• _What this task involves_:
Images are to be dropped, and the rest of the data reproduced exactly.
==== Task input ====
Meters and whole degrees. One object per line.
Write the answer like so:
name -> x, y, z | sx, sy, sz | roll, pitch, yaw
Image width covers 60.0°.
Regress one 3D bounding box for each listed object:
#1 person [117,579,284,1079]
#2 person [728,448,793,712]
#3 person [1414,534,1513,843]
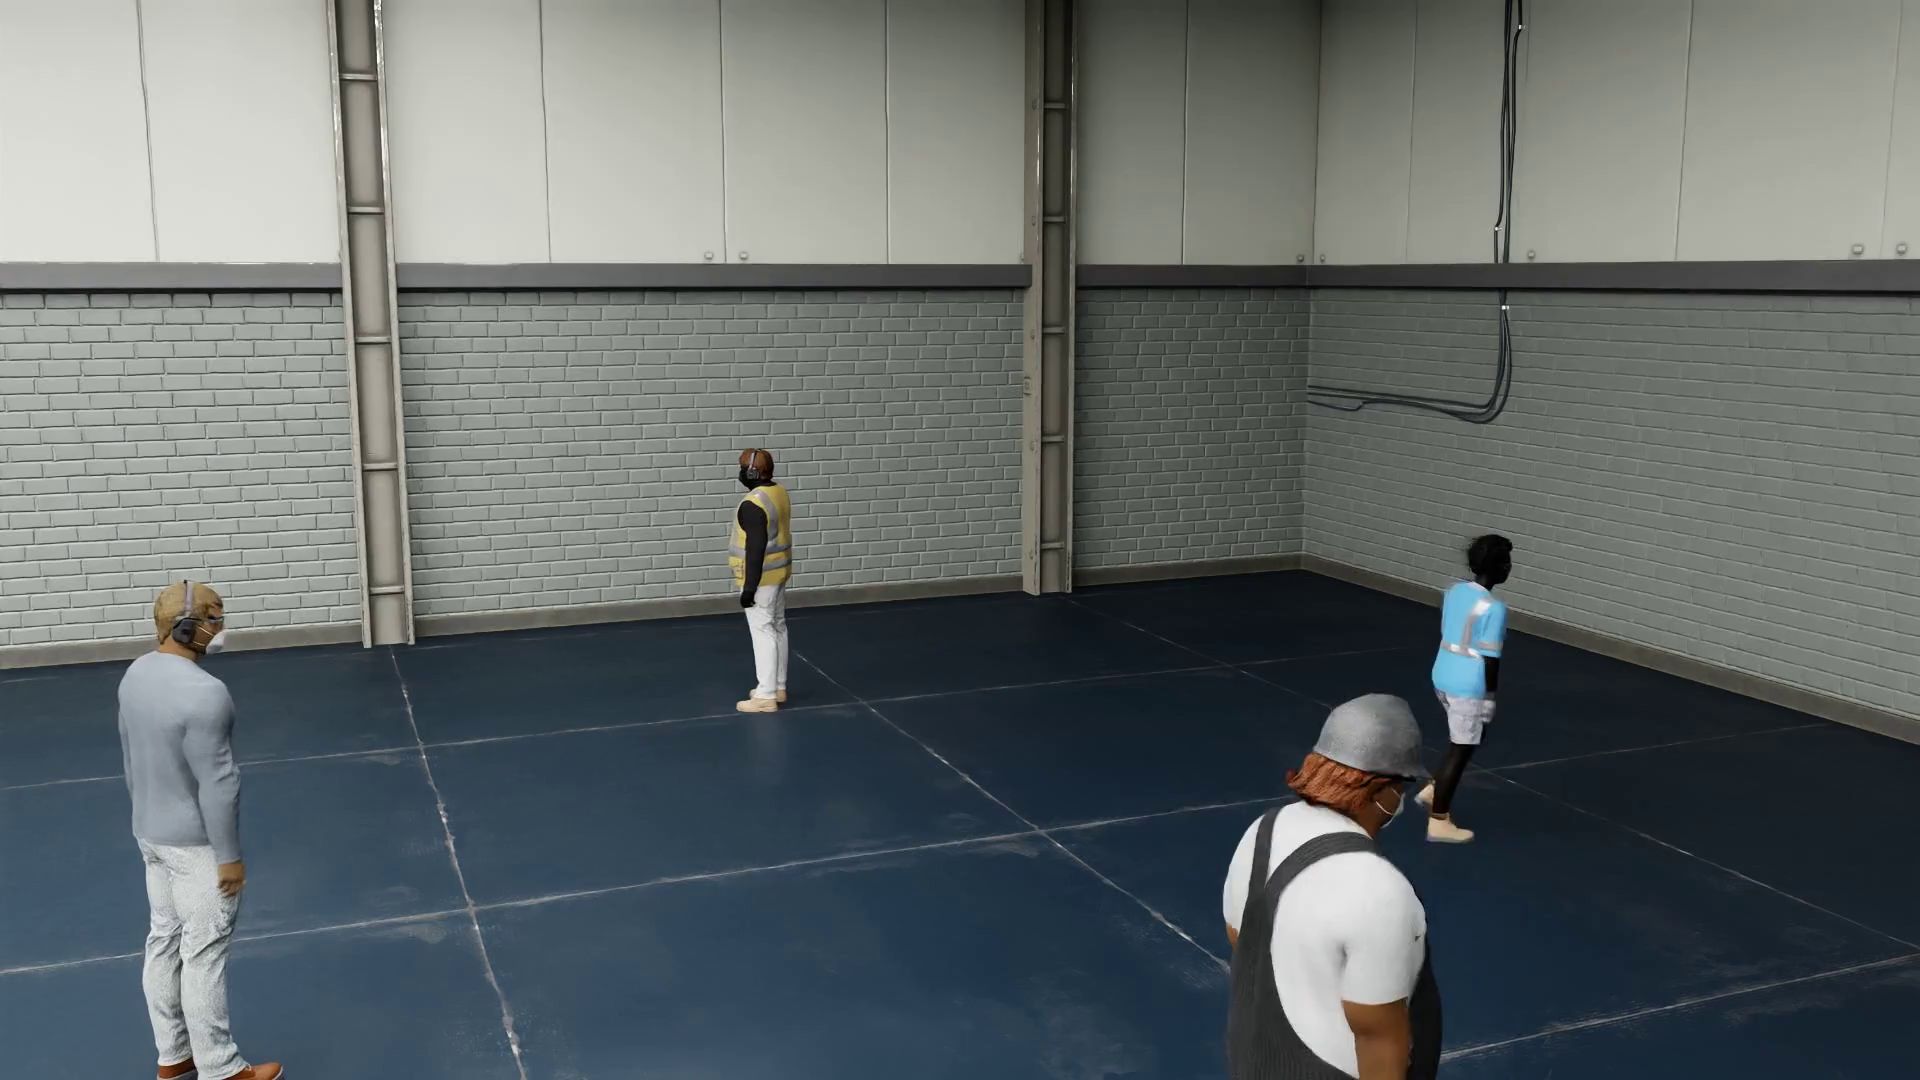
====
• _Response to the task_:
Meters and whole degrees. One object per line.
Write the answer like so:
name -> x, y, z | sx, sy, sz | roll, pitch, yaw
Image width covers 60.0°.
Regress one 3D bounding box for each listed object:
#1 person [117,579,284,1079]
#2 person [728,448,793,712]
#3 person [1414,534,1513,843]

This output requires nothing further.